Output of the for loop?

Question

int main() {
    int i,j,count;
    count=0;
    for(i=0; i<5; i++);
    { 
        for(j=0;j<5;j++);
        {
            count++;
        }
    }
    printf("%d",count);
    return 0;
}

here if we put ; after for() then for loop doesn't run anything. Then how does count becomes 1 after execution of the program?

Answer 1

Your code is look like below,after putting an ; at the end of both for loop.

int main() {
    int i,j,count;
    count=0;
    for(i=0; i<5; i++);
    {
          //do nothing
    }
    for(j=0;j<5;j++);
    {
         //do nothing
    }
    count++;
    printf("%d",count);
    return 0;
}

both for loop do nothing and after that only one statement that is count++, so it is increment the value of count.That is why it print the value in Output:1.

Answer 2

Once you ignore the for loops, the rest becomes:

int main() {
    int i,j,count;
    count=0;
    { 
        {
            count++;
        }
    }
    printf("%d",count);
    return 0;
}

So you may see the counter is getting incremented once.

Answer 3

There is one occurrence of

 count++;

in the program which increments the counter only once.

To explain:

int main() {
      int i,j,count;
      count=0;
      for(i=0; i<5; i++);  
     {                       // i == 5, count == 0
        for(j=0;j<5;j++);    
            {                // i == 5, j == 5, count == 0
                count++;     // i == 5, j == 5, count == 1
            }
      }
      printf("%d",count);     //i == 5, j == 5, count == 1
      return 0;
     }

That said, as you mentioned

here if we put ; after for() then for loop doesn't run anything.

is not entirely true.
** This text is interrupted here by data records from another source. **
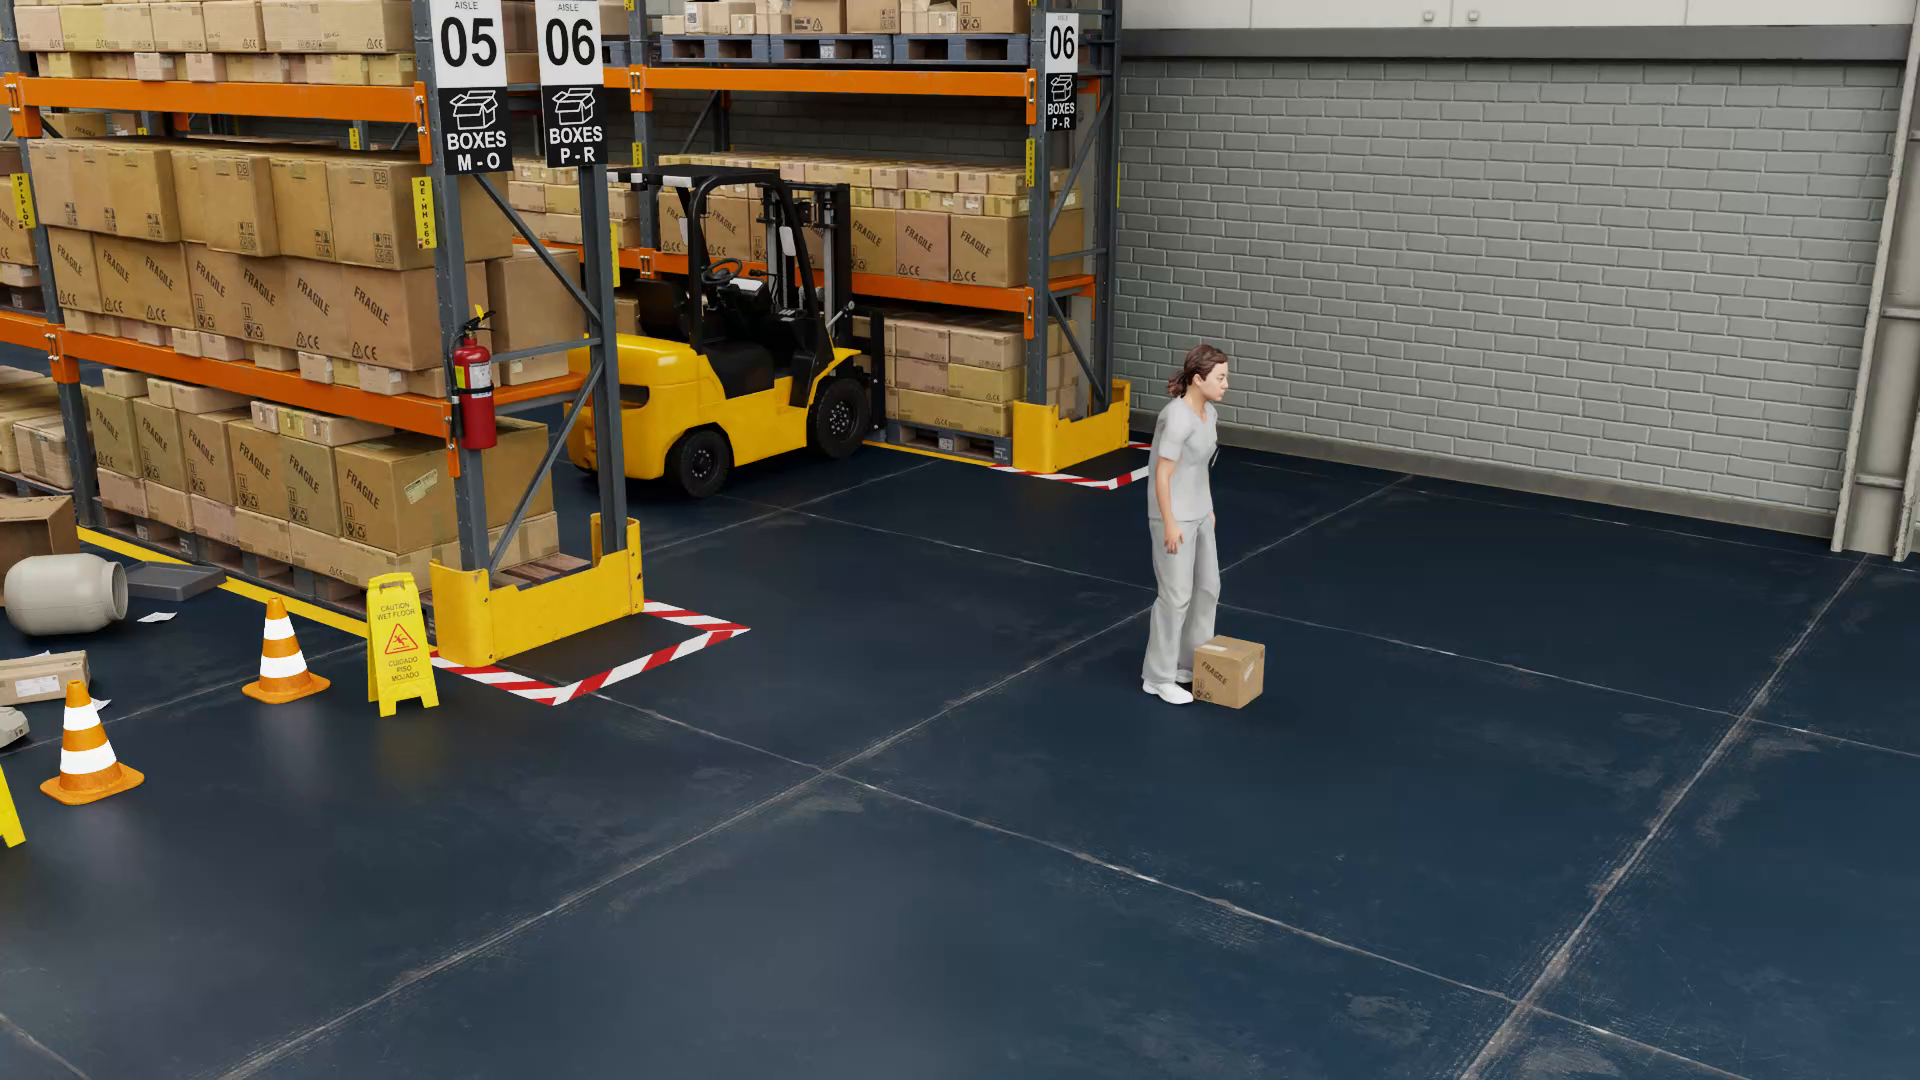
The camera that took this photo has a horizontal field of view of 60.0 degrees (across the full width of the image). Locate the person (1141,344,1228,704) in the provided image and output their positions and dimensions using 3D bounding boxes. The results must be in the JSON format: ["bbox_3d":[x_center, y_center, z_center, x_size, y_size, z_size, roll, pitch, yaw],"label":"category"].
[{"bbox_3d":[1.096,-0.090,7.845,0.416,1.671,0.504,11,20,32],"label":"person"}]
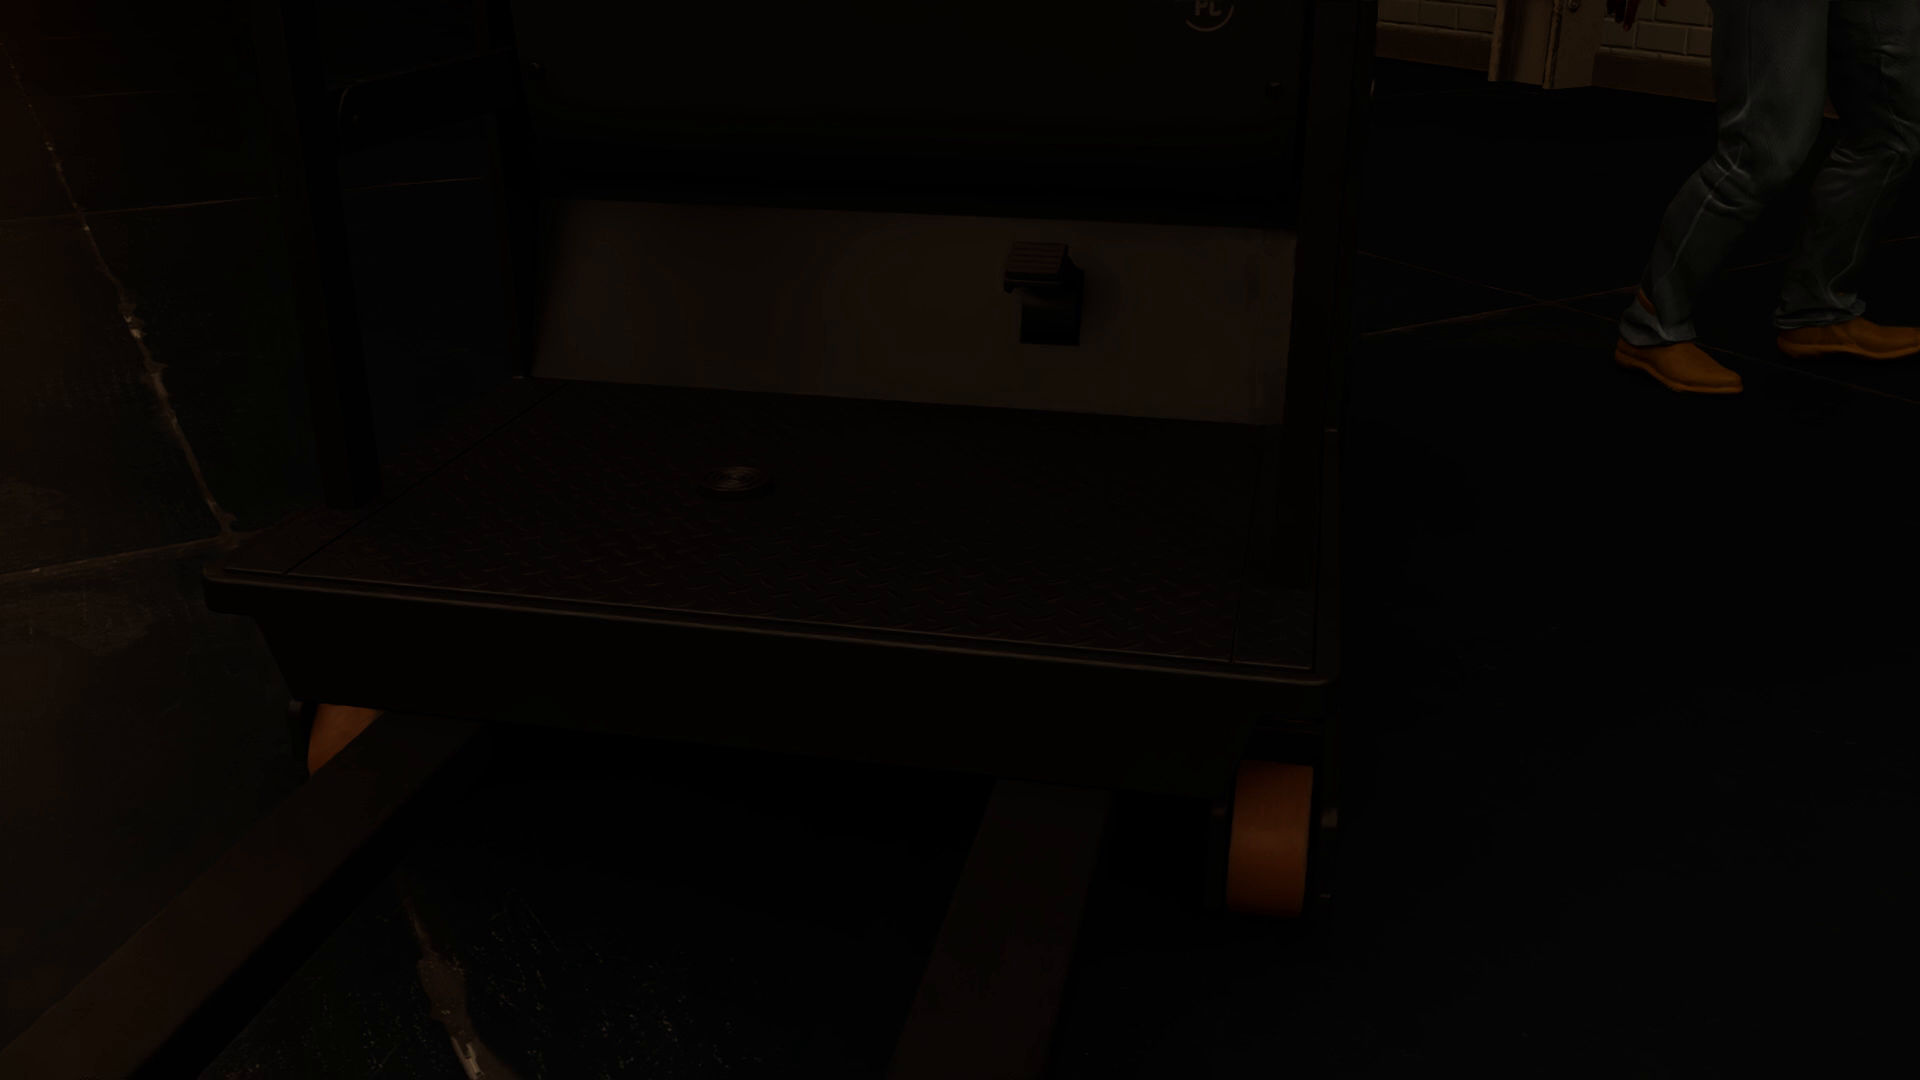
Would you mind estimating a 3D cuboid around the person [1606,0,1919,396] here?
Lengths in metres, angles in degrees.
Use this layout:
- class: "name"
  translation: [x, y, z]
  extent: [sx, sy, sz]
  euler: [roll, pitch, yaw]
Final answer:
- class: "person"
  translation: [1.633, -1.136, 3.137]
  extent: [0.878, 1.731, 0.466]
  euler: [-14, 26, -31]

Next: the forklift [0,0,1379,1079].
- class: "forklift"
  translation: [-0.112, -1.123, 1.510]
  extent: [1.130, 2.935, 3.031]
  euler: [5, 23, 11]
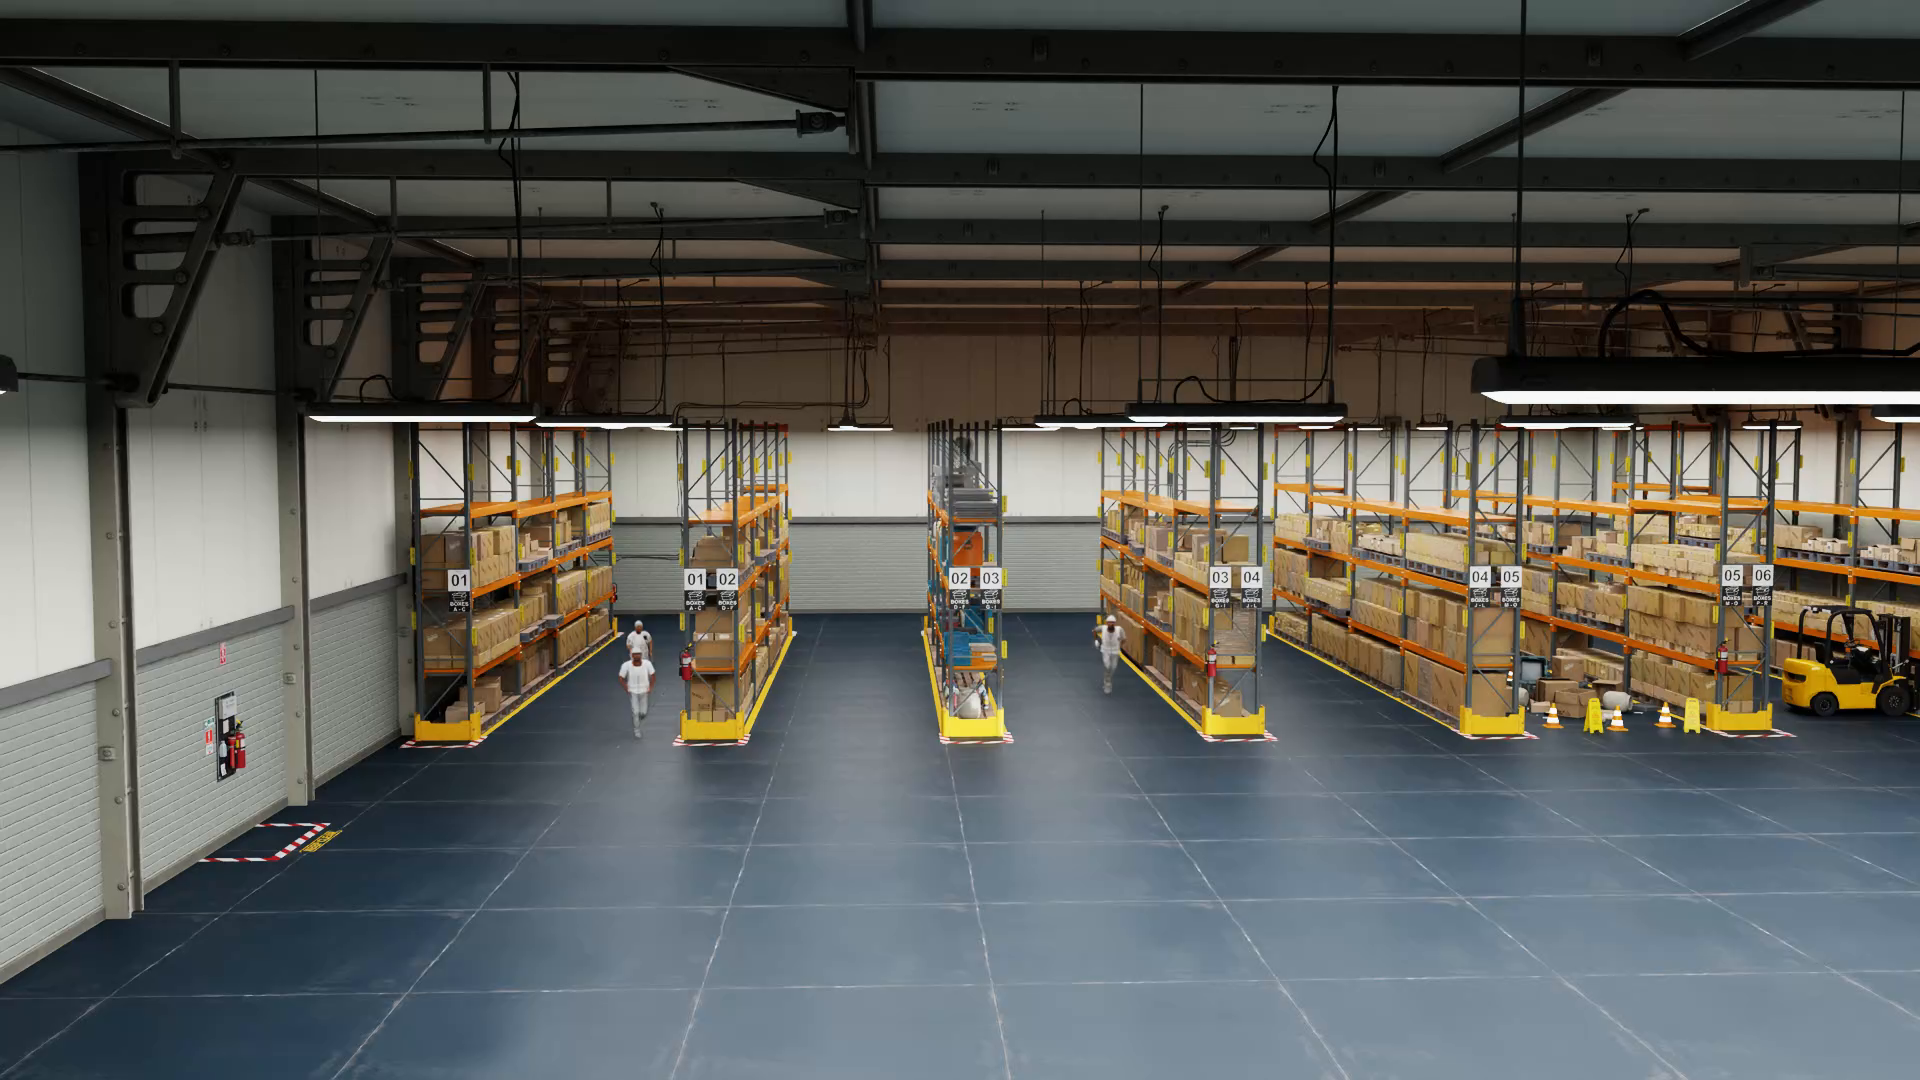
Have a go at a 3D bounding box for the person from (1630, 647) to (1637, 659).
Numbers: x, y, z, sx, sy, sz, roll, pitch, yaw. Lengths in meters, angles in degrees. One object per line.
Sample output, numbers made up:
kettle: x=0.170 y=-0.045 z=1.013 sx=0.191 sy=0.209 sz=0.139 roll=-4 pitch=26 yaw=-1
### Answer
person: x=16.418 y=2.303 z=40.165 sx=0.671 sy=1.774 sz=0.901 roll=0 pitch=4 yaw=0

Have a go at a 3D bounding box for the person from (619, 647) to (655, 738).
person: x=-6.075 y=2.853 z=31.321 sx=0.692 sy=1.719 sz=0.605 roll=-1 pitch=4 yaw=-17

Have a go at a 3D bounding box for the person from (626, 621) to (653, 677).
person: x=-6.988 y=2.572 z=36.312 sx=0.577 sy=1.626 sz=0.719 roll=-1 pitch=4 yaw=-13

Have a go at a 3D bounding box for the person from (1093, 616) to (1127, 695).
person: x=3.298 y=2.507 z=36.577 sx=0.668 sy=1.741 sz=0.937 roll=0 pitch=4 yaw=-7

If you put the ; after the loop construct, it behaves as if the loop body is empty, i.e., there is no code in the loop body. The loop still runs, and the next block is not considered as the loop body, rather part of the unconditional flow.

Don't be fooled just by the indentation. Your code, can be re-written as

int main(void) {
      int i,j,count;
      count=0;
      for(i=0; i<5; i++)   // ; removed
      {
         // no code
      }
      {                         // just another block, not previous loop body 
      for(j=0;j<5;j++)    // ; removed
      {
         // again no code
      }
      {                         // again just another block, not previous loop body 
          count++;
      }
      }
      printf("%d",count);
      return 0;
     }

Which basically boils down to:

int main() {
      int count = 0;

      {
         count++;
      }

      printf("%d",count);
      return 0;
     }

Answer 4

I think your confusion might be about putting the ; after the for statment.

for (i = 0; i < 5; i++);

is the same as writing

for (i = 0; i < 5; i++) {
;
}

C looks at the first statement after the for (...) (in this case that is the ; statement), and then executes that as the body of the for-loop. So, when you write

for (i = 0; i < 5; i++);
{
 // other stuff
}

Your program basically skips the for-loop, since it does ; 5 times. Then, the //other stuff gets executed once, since it's not a part of the for-loop. Does this make sense?

Therefore, your code only increments count once.